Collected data
☆ ☆ ☆
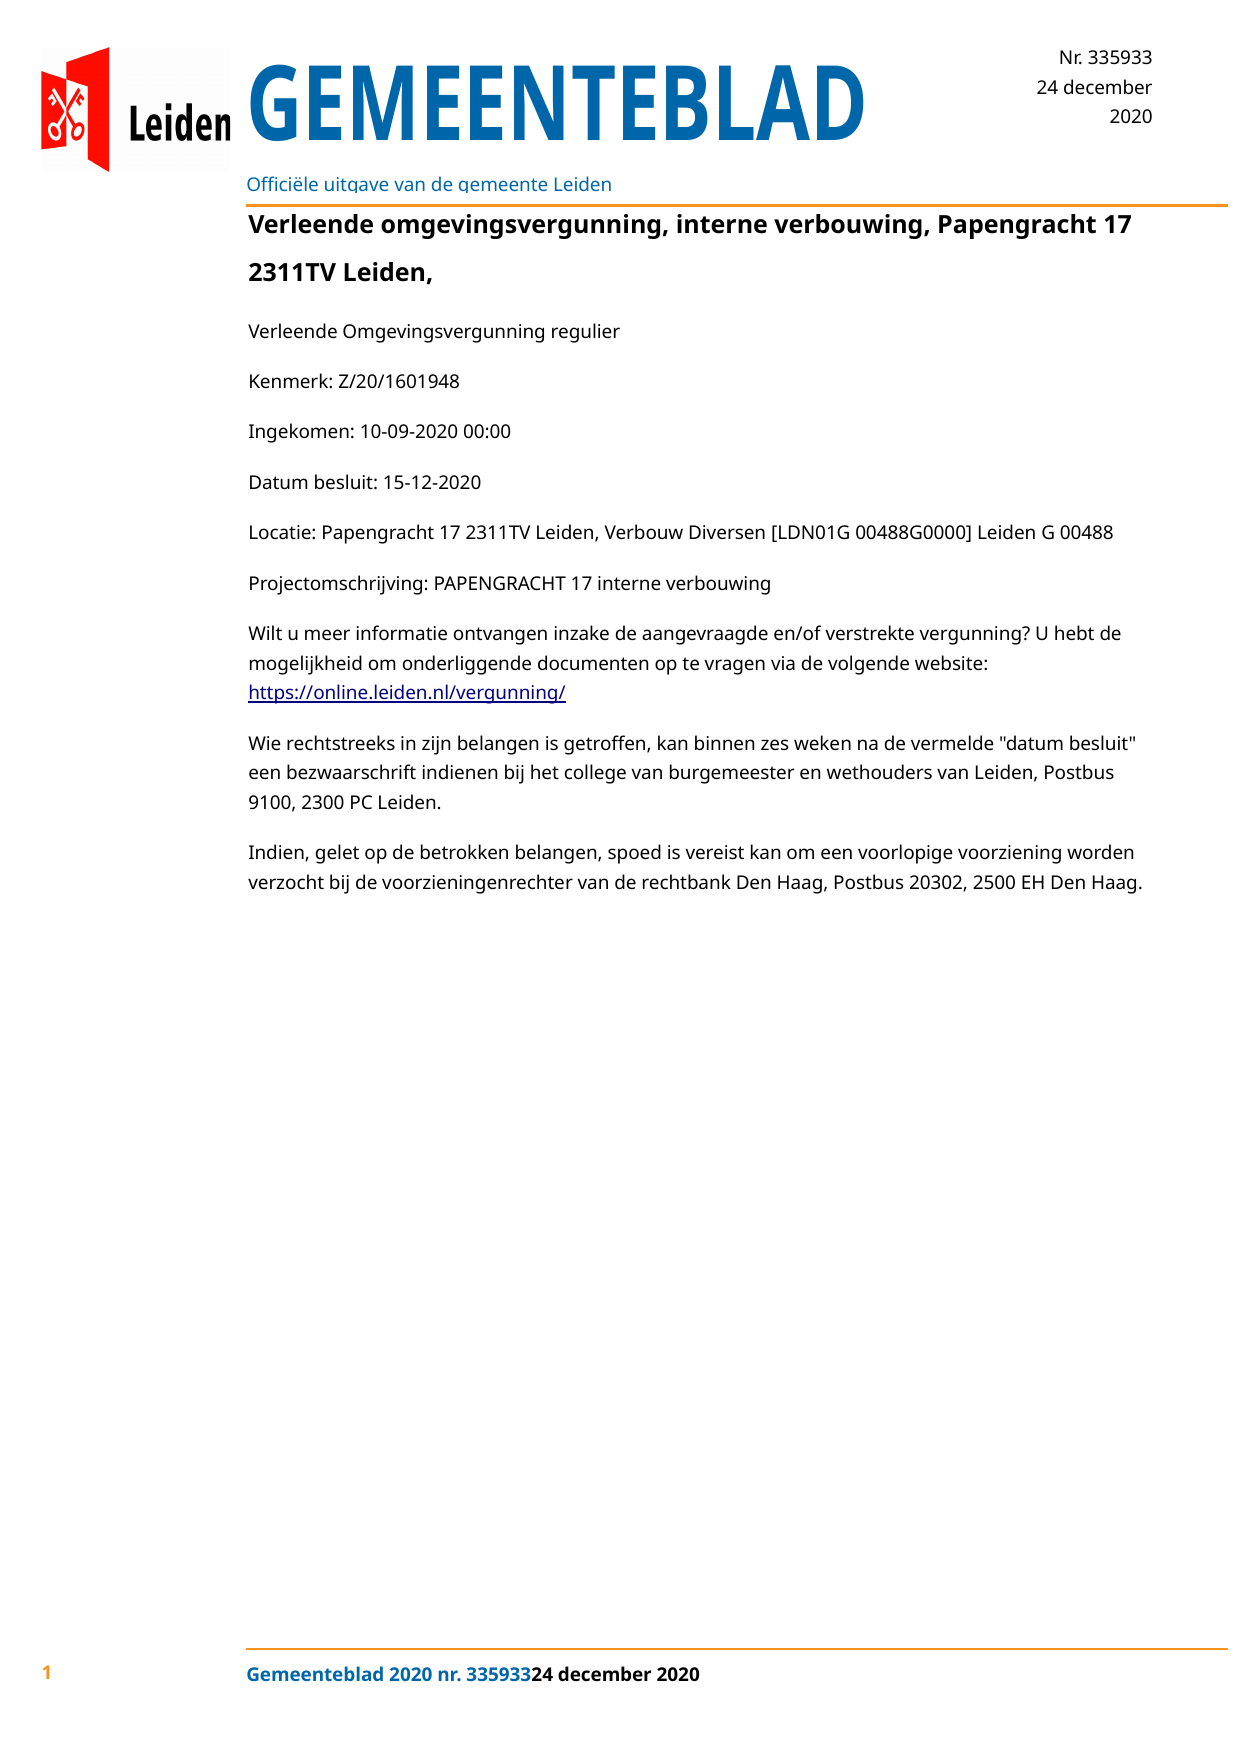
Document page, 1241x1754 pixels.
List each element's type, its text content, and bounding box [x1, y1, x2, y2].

picture [41, 47, 231, 172]
text Locatie: Papengracht 17 2311TV Leiden, Verbouw Diversen [LDN01G 00488G0000] Leiden G 00488 [248, 519, 1152, 545]
text Ingekomen: 10-09-2020 00:00 [248, 419, 1152, 444]
text Verleende Omgevingsvergunning regulier [248, 318, 1152, 344]
text Verleende omgevingsvergunning, interne verbouwing, Papengracht 17 2311TV Leiden, [248, 207, 1152, 288]
text Wie rechtstreeks in zijn belangen is getroffen, kan binnen zes weken na de vermelde "datum besluit" een bezwaarschrift indienen bij het college van burgemeester en wethouders van Leiden, Postbus 9100, 2300 PC Leiden. [248, 730, 1152, 815]
text Indien, gelet op de betrokken belangen, spoed is vereist kan om een voorlopige voorziening worden verzocht bij de voorzieningenrechter van de rechtbank Den Haag, Postbus 20302, 2500 EH Den Haag. [248, 839, 1152, 895]
text Wilt u meer informatie ontvangen inzake de aangevraagde en/of verstrekte vergunning? U hebt de mogelijkheid om onderliggende documenten op te vragen via de volgende website: https://online.leiden.nl/vergunning/ [248, 620, 1152, 705]
text Projectomschrijving: PAPENGRACHT 17 interne verbouwing [248, 570, 1152, 596]
text Datum besluit: 15-12-2020 [248, 469, 1152, 495]
text Kenmerk: Z/20/1601948 [248, 368, 1152, 394]
☆ ☆ ☆
What the exercise asks: Copy out every entry above verbatim. Leave each picture out.

Output below:
Document page, 1241x1754 pixels.
List each element's type, its text content, and bounding box [x1, y1, x2, y2].

picture [41, 47, 231, 172]
text Locatie: Papengracht 17 2311TV Leiden, Verbouw Diversen [LDN01G 00488G0000] Leiden G 00488 [248, 519, 1152, 545]
text Ingekomen: 10-09-2020 00:00 [248, 419, 1152, 444]
text Verleende Omgevingsvergunning regulier [248, 318, 1152, 344]
text Verleende omgevingsvergunning, interne verbouwing, Papengracht 17 2311TV Leiden, [248, 207, 1152, 288]
text Wie rechtstreeks in zijn belangen is getroffen, kan binnen zes weken na de vermelde "datum besluit" een bezwaarschrift indienen bij het college van burgemeester en wethouders van Leiden, Postbus 9100, 2300 PC Leiden. [248, 730, 1152, 815]
text Indien, gelet op de betrokken belangen, spoed is vereist kan om een voorlopige voorziening worden verzocht bij de voorzieningenrechter van de rechtbank Den Haag, Postbus 20302, 2500 EH Den Haag. [248, 839, 1152, 895]
text Wilt u meer informatie ontvangen inzake de aangevraagde en/of verstrekte vergunning? U hebt de mogelijkheid om onderliggende documenten op te vragen via de volgende website: https://online.leiden.nl/vergunning/ [248, 620, 1152, 705]
text Projectomschrijving: PAPENGRACHT 17 interne verbouwing [248, 570, 1152, 596]
text Datum besluit: 15-12-2020 [248, 469, 1152, 495]
text Kenmerk: Z/20/1601948 [248, 368, 1152, 394]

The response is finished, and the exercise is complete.